Original topic: 某tikv节点频繁oom,但服务器内存是充足的
【TiDB Usage Environment】Production Environment
【TiDB Version】v4.0.9
【Encountered Problem: Phenomenon and Impact】
A certain TiKV node in the cluster frequently encounters OOM, but the server’s memory is sufficient. What could be the issue?
【Resource Configuration】
Because I didn’t deploy the cluster, I’m afraid there might be issues with the upgrade~~ So I’ve been delaying and haven’t dared to upgrade.
SET tidb_mem_quota_query = 8 << 30;
I still don’t quite understand this parameter. Could you please explain it in detail?
Didn’t bind the core, right?
So, I have 8G now, right? Is this how I should look at it?
The key point is that my physical machine still has 60G of available memory. Even if this reaches 8G, it shouldn’t OOM, right? I don’t understand.
When everything is normal, the available memory is 60G. When it crashes, the memory is released, and the available memory reaches 120G. Is there any problem with this?
Sorry, I mistook it for TiKV-Details’ memory at that time. 
Haha, thanks for participating~~ 
This is from my message log, can anyone understand this? How much memory did I use? It got killed. 87G?
Could you send the configuration file? Did you use Cgroup to limit the memory?

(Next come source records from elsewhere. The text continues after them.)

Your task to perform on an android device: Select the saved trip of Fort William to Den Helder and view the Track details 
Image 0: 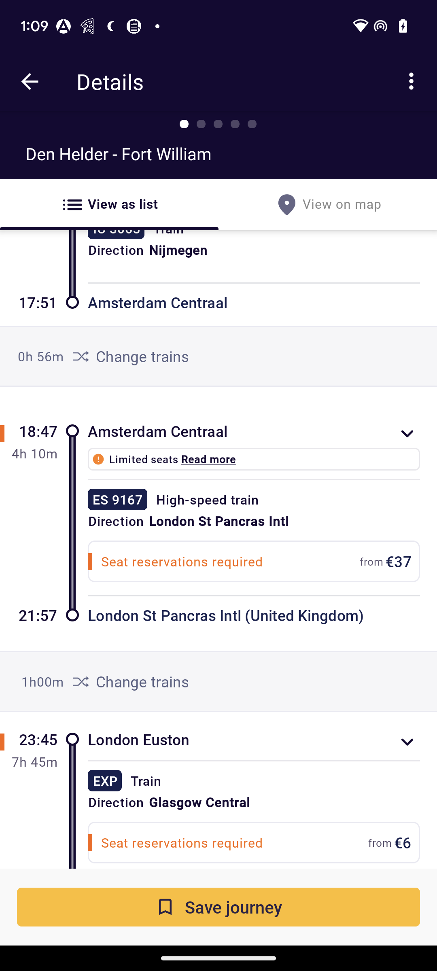
go back to the previous page
Step 0: press back button
Image 1: 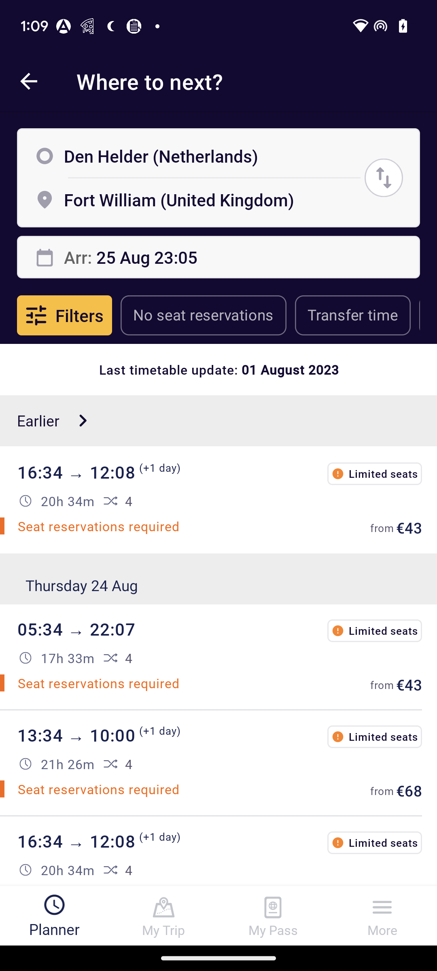
tab on the my trip option at the bottom of the screen
Step 1: click (164, 916)
Image 2: 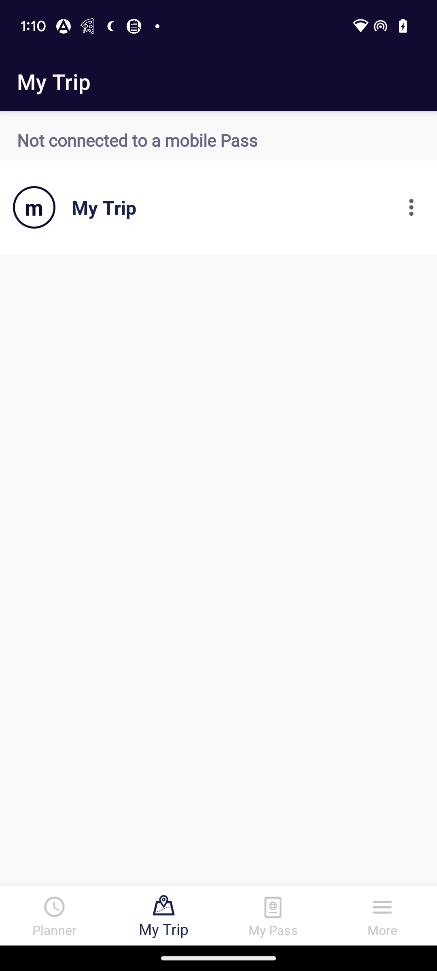
click on my trip
Step 2: click (218, 207)
Image 3: 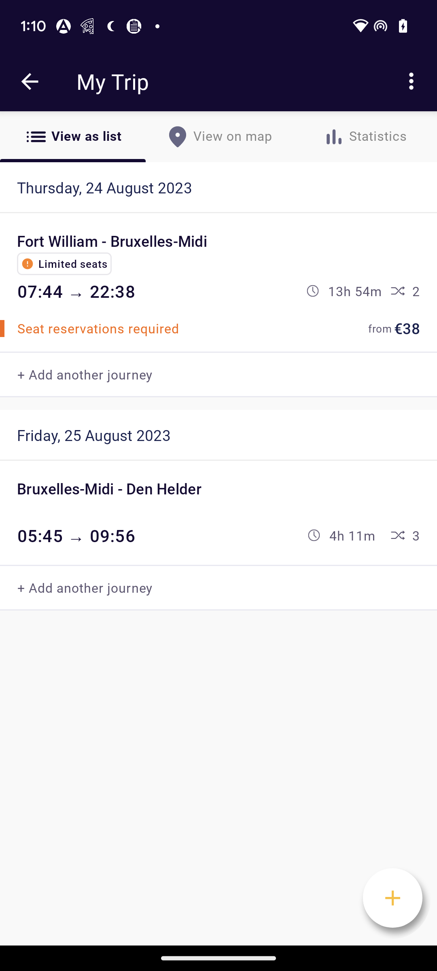
go to the view on map section
Step 3: click (232, 136)
Image 4: 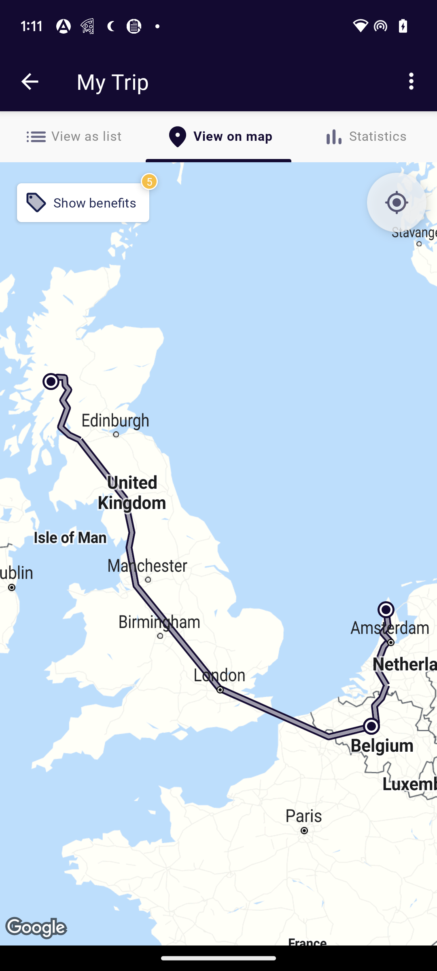
go to the view on map section
Step 4: click (233, 136)
Image 6: 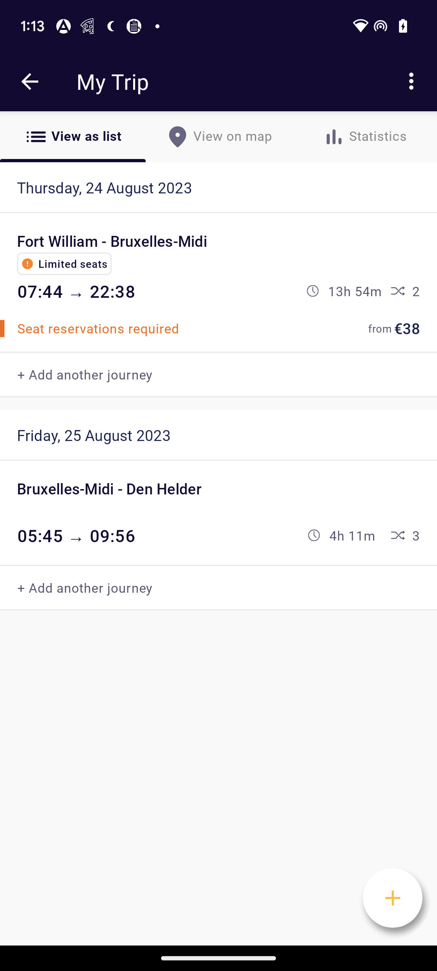
click on fort william 
Step 6: click (186, 241)
Image 7: 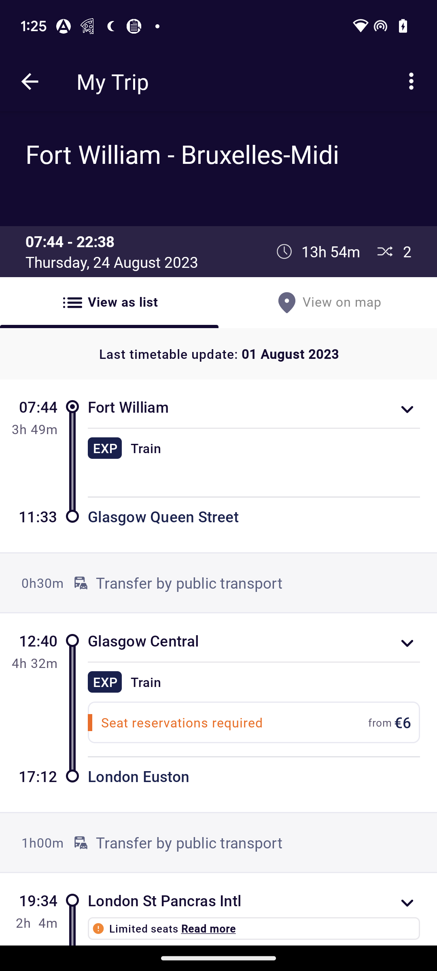
click on exp button 
Step 7: click (104, 448)

Check the topology file to confirm if NUMA binding is enabled. If it is, only a portion of the memory can be used.
I didn’t see any cgroup-related configuration.
What is a topology file? How do you view it?

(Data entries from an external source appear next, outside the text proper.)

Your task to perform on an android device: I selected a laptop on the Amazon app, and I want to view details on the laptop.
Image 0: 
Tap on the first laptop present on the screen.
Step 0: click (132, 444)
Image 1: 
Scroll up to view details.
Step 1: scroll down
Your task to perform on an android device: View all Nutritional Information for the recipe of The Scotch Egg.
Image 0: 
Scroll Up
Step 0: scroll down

Now you can see numa_node = ‘1’ in the configuration file. You can check the size of node 1 by running numactl --hardware. It should not exceed 60G. Then, in the second message above, combining with anon-rss, it should be confirmed that it is a CPU binding issue.

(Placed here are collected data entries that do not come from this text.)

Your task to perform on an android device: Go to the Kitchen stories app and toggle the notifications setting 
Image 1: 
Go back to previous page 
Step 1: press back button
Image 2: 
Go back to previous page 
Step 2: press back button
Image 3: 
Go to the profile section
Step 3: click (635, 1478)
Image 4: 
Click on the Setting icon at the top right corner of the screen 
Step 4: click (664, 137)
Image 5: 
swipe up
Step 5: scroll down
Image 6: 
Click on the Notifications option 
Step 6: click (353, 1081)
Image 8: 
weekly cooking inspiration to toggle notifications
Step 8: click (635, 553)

You can take a look at the reply above. I estimate that the usable memory for your numa_node1 is only 60G. If you want to use more, you can avoid binding the cores to numa, comment out the related configuration, or bind multiple numa nodes, something like this numa_node: “0,1”.
tiup cluster edit-config <cluster-name>
<cluster-name>
represents the name of the cluster to be operated on.
In the opened file, check if there are any NUMA-related settings for TiKV.
If you don’t want to OOM, adjust the sizes of various blockcaches and memtables.
https://docs.pingcap.com/zh/tidb/stable/tune-tikv-memory-performance#tikv-内存参数性能调优
Check out this article.
The underlying layer of TiDB is RocksDB, which has 4 CFs. Each CF has a memtable (equal to write-buffer-size * max-write-buffer-number) and a blockcache (corresponding to [storage.block-cache]). Adjusting these to be smaller will reduce memory usage.